→ DATASET:
• • • • •

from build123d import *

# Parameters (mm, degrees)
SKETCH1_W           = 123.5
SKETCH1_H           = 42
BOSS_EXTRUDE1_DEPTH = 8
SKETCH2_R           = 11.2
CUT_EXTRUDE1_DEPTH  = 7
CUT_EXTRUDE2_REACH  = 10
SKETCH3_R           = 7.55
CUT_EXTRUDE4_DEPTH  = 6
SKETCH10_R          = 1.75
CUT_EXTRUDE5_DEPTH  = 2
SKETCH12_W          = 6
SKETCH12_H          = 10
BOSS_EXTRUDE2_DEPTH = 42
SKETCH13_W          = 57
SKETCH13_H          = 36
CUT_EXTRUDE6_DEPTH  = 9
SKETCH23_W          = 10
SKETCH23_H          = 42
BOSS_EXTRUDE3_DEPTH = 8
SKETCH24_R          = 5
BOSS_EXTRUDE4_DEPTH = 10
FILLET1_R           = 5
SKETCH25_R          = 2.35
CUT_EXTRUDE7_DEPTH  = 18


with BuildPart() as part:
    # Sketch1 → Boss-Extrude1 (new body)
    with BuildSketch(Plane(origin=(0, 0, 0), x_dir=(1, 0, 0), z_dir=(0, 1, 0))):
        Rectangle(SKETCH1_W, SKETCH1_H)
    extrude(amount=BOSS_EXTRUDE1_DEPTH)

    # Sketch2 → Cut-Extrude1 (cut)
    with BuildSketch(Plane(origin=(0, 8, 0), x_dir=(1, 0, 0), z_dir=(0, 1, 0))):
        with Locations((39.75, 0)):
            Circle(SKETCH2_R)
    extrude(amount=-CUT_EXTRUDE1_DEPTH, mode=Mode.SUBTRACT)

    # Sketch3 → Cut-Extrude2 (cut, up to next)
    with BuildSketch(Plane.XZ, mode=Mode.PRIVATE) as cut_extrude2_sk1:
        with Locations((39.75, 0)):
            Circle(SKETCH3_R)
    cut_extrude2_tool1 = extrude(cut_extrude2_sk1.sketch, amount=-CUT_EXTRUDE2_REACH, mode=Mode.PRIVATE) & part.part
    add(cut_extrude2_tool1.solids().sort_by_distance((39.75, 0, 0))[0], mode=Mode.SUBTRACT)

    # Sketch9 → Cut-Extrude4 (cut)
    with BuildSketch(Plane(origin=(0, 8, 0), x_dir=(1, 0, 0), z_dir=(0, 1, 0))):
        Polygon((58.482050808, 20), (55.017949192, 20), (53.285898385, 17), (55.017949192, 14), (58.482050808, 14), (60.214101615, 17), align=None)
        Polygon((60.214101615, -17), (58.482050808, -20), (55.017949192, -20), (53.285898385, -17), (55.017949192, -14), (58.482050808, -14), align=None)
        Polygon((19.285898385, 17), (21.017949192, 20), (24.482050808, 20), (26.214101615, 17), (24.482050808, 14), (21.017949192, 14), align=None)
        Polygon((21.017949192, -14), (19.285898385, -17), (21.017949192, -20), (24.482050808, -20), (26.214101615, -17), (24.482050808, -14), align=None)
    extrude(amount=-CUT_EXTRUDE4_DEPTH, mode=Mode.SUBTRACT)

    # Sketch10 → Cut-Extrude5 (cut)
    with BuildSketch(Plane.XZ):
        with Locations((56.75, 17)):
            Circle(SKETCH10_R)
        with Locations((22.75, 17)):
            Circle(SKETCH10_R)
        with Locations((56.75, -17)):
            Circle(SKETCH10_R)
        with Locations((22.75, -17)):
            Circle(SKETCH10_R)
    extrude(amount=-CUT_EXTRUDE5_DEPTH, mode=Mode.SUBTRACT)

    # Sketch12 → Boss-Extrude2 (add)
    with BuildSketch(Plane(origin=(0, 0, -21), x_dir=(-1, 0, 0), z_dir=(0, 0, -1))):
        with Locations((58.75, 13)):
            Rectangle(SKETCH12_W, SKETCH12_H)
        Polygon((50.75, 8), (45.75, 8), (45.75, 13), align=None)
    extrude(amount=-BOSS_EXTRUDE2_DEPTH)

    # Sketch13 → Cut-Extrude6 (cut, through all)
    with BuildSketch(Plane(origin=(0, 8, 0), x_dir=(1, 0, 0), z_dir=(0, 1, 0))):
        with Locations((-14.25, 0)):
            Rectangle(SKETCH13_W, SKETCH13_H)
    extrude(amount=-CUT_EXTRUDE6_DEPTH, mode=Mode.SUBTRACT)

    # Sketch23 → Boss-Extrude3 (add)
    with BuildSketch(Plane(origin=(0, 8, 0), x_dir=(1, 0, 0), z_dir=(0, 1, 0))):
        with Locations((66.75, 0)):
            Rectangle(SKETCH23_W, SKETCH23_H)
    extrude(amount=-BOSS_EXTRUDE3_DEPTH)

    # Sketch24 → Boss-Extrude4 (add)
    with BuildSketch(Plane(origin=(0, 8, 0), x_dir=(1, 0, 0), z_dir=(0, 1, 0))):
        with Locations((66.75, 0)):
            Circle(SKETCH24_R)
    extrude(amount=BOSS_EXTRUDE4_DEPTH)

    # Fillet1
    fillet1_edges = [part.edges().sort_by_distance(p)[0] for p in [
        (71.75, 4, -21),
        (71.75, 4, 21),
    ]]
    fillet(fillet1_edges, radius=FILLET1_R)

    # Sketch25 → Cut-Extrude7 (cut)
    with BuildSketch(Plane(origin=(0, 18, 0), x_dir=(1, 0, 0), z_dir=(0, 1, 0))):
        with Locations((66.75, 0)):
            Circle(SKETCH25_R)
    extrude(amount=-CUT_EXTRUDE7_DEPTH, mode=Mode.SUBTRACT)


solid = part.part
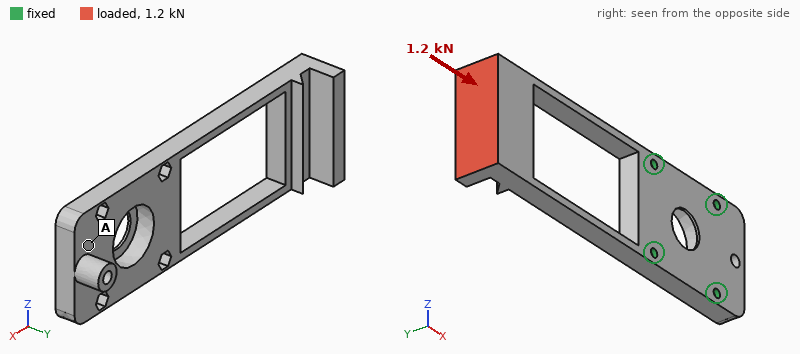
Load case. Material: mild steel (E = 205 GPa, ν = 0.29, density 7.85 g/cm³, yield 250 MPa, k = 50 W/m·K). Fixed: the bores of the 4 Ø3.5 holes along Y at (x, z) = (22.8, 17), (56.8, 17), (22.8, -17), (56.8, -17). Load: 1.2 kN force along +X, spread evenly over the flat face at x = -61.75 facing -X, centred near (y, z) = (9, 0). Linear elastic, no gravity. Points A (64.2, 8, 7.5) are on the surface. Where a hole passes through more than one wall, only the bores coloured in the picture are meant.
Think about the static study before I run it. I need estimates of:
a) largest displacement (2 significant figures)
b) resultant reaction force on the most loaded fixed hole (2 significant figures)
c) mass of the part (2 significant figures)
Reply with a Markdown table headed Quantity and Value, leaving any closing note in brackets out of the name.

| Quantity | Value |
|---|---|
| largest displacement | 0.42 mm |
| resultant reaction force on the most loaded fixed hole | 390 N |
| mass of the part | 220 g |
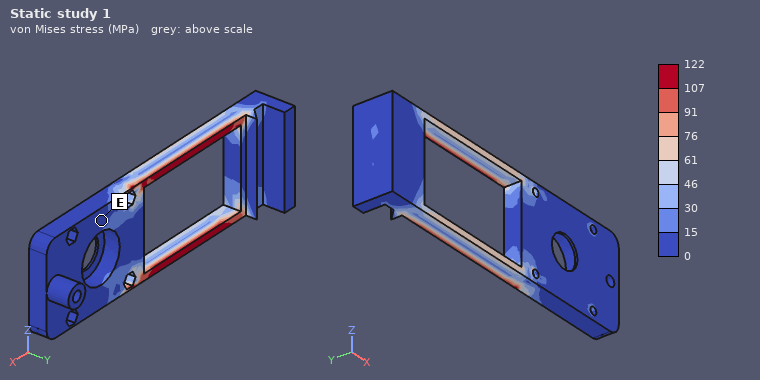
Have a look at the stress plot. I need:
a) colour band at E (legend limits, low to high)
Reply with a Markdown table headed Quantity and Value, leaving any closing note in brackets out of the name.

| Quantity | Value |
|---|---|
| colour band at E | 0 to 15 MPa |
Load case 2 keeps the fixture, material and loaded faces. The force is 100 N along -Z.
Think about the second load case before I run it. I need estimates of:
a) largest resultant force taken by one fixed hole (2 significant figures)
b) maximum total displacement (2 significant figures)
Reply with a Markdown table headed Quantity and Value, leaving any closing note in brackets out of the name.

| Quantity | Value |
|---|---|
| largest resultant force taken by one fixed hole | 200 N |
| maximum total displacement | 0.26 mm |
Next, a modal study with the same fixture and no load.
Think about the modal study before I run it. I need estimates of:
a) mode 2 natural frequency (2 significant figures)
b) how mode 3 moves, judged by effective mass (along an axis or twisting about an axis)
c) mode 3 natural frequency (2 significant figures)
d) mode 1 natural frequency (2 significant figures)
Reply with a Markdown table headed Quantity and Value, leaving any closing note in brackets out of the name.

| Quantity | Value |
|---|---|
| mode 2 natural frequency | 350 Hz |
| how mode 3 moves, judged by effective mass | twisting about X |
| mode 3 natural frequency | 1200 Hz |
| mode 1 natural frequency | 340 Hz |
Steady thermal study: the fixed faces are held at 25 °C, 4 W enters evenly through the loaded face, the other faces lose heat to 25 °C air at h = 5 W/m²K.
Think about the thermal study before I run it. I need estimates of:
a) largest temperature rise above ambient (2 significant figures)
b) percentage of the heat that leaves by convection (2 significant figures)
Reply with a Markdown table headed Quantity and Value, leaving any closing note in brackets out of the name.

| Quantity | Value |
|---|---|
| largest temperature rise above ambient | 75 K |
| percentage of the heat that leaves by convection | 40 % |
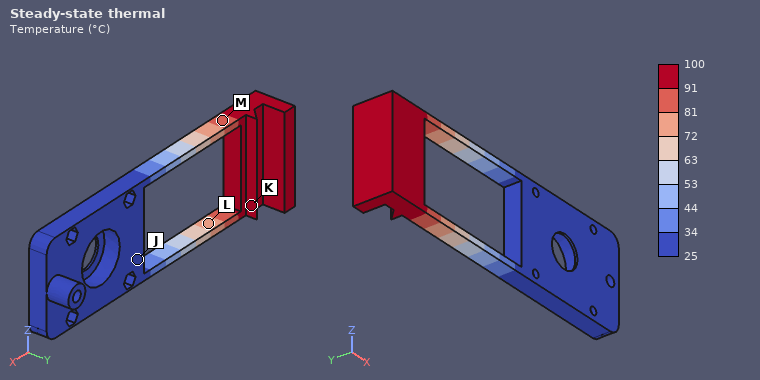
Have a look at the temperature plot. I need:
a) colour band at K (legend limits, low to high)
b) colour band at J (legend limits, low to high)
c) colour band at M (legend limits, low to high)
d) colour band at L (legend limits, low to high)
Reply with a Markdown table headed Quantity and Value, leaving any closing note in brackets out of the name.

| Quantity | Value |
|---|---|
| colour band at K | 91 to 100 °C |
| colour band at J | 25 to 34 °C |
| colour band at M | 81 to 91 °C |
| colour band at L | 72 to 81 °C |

• • • • •

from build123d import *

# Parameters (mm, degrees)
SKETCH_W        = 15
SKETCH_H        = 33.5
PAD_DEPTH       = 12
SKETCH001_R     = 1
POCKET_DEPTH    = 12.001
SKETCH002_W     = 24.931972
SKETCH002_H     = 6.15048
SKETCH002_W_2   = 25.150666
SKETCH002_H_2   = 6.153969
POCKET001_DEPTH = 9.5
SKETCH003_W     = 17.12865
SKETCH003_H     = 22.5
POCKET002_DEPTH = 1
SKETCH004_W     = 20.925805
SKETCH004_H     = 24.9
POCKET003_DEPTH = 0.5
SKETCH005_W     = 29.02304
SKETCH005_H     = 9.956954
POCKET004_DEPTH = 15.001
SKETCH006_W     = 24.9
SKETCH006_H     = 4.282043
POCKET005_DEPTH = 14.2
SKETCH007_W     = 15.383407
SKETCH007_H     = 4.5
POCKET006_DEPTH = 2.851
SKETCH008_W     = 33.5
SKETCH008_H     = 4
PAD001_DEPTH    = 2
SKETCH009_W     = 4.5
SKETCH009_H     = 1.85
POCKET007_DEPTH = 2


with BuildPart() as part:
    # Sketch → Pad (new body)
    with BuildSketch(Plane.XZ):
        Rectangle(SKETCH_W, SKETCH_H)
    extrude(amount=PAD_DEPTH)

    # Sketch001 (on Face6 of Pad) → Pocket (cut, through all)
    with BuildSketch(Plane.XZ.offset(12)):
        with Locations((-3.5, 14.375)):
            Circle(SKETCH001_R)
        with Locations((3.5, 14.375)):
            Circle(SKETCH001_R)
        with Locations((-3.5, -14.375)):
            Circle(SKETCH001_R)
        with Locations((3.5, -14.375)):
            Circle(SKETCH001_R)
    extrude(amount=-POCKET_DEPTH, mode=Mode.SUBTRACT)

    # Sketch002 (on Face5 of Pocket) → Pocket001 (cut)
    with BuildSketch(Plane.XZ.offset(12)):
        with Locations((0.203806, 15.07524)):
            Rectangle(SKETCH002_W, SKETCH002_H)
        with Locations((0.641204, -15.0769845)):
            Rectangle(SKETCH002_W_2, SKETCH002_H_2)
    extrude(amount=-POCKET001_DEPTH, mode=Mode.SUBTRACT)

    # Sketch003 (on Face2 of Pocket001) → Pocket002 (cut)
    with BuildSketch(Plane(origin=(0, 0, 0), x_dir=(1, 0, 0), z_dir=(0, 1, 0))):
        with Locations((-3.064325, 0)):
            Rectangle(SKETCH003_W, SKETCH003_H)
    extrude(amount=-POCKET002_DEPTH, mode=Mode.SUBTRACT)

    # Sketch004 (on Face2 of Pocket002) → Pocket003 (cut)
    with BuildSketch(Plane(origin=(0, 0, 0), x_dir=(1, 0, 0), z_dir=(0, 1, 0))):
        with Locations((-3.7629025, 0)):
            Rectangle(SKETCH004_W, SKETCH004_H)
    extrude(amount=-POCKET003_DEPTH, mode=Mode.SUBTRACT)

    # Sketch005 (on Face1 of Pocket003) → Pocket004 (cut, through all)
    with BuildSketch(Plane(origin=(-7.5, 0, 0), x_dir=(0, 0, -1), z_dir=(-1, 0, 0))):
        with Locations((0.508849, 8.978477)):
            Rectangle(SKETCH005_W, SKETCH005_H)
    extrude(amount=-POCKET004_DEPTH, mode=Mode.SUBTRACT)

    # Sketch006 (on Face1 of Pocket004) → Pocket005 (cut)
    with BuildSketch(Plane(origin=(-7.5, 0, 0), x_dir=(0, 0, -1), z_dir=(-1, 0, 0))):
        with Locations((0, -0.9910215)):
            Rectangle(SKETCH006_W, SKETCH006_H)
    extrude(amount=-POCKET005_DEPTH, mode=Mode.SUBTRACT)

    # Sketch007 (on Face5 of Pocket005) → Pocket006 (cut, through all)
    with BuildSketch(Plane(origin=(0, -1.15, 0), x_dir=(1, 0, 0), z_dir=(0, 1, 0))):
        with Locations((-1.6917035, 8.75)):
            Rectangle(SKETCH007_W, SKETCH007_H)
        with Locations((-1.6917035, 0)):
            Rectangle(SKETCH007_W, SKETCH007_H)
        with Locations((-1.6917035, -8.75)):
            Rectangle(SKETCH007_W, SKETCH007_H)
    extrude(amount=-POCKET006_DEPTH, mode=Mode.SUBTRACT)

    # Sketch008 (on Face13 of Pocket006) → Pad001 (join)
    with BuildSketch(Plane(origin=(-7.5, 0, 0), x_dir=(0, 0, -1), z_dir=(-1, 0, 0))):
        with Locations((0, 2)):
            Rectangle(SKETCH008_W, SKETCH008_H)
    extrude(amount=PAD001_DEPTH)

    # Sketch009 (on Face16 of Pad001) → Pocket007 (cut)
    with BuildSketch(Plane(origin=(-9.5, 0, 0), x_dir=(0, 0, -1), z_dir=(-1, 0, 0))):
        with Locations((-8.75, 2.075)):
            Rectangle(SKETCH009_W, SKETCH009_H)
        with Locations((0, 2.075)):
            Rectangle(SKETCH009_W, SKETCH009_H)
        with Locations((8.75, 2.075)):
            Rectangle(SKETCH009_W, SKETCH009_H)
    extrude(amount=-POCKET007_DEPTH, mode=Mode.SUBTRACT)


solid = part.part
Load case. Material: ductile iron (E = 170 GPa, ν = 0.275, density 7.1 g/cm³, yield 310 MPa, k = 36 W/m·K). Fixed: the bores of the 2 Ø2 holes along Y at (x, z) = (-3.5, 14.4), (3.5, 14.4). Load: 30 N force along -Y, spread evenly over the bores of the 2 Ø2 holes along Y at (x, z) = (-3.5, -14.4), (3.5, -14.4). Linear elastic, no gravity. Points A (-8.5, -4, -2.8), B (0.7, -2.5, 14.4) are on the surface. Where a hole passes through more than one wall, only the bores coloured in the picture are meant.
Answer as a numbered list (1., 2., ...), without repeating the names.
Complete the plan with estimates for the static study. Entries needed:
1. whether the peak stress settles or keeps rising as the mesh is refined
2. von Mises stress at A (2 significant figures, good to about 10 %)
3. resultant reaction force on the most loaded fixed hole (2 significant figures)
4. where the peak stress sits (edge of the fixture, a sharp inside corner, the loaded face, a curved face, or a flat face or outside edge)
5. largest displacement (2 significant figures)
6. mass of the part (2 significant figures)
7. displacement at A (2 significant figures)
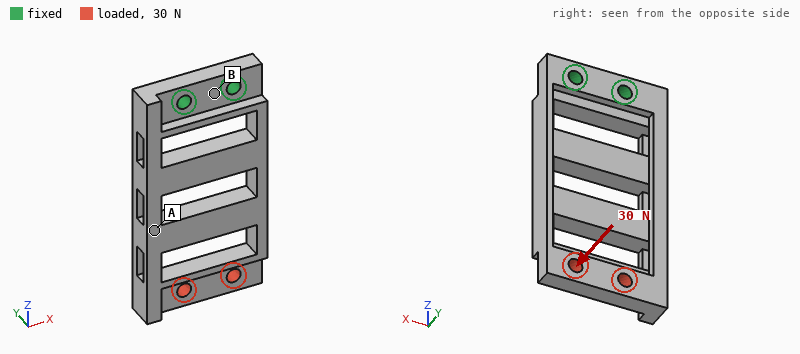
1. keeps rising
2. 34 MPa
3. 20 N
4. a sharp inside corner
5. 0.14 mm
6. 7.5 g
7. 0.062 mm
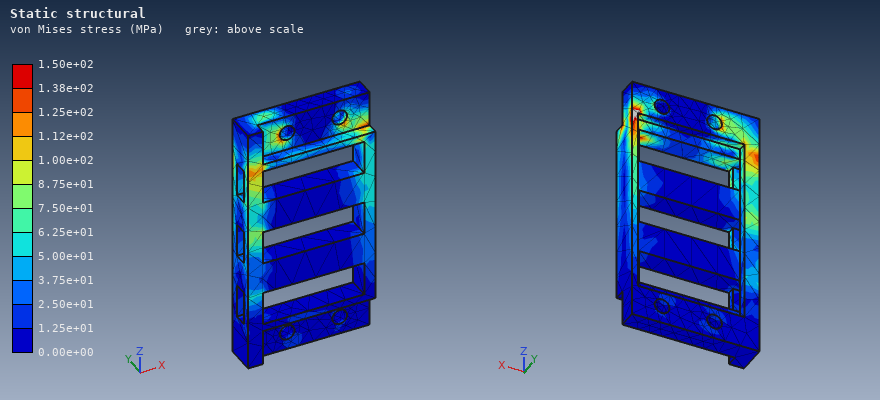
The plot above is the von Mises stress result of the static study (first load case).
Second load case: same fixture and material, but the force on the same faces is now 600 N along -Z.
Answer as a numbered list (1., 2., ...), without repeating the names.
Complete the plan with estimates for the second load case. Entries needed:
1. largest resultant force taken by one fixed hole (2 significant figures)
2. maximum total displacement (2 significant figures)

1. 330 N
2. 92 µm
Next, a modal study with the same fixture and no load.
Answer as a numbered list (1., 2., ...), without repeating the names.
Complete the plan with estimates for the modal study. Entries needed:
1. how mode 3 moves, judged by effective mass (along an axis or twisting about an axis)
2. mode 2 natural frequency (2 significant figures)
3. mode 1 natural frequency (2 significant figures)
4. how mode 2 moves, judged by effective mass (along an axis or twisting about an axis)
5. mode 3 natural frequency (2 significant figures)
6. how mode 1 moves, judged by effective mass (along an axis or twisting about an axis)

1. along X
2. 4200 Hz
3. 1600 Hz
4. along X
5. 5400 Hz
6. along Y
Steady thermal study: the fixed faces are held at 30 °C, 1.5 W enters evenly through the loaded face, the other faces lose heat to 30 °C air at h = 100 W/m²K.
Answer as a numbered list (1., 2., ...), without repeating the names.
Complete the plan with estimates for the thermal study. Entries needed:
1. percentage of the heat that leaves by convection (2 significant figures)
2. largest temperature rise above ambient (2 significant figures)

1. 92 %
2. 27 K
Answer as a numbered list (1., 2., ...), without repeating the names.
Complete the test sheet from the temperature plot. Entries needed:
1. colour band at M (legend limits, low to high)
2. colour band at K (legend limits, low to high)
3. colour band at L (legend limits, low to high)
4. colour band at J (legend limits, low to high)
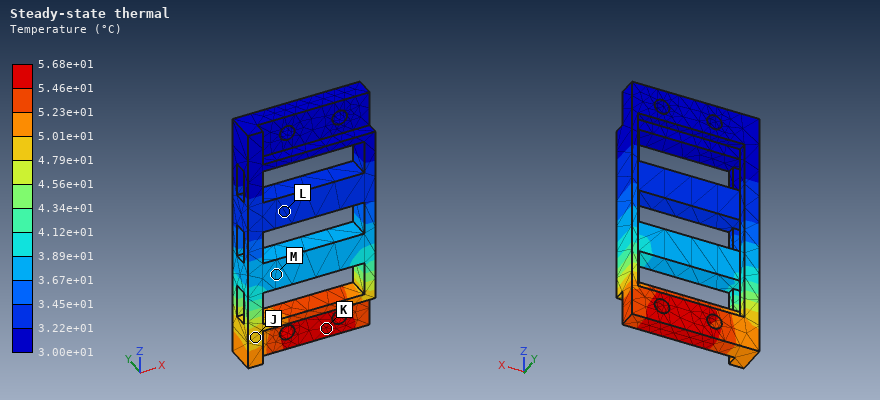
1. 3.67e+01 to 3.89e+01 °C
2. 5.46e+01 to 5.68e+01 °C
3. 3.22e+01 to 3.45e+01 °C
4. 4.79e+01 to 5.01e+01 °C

• • • • •

→ EXERCISE GOAL:
Check each line of the entries above for the word "faces". List the ones that have it.

→ ANSWER TO THE PROBLEM:
Load case 2 keeps the fixture, material and loaded faces. The force is 100 N along -Z.
Steady thermal study: the fixed faces are held at 25 °C, 4 W enters evenly through the loaded face, the other faces lose heat to 25 °C air at h = 5 W/m²K.
Second load case: same fixture and material, but the force on the same faces is now 600 N along -Z.
Steady thermal study: the fixed faces are held at 30 °C, 1.5 W enters evenly through the loaded face, the other faces lose heat to 30 °C air at h = 100 W/m²K.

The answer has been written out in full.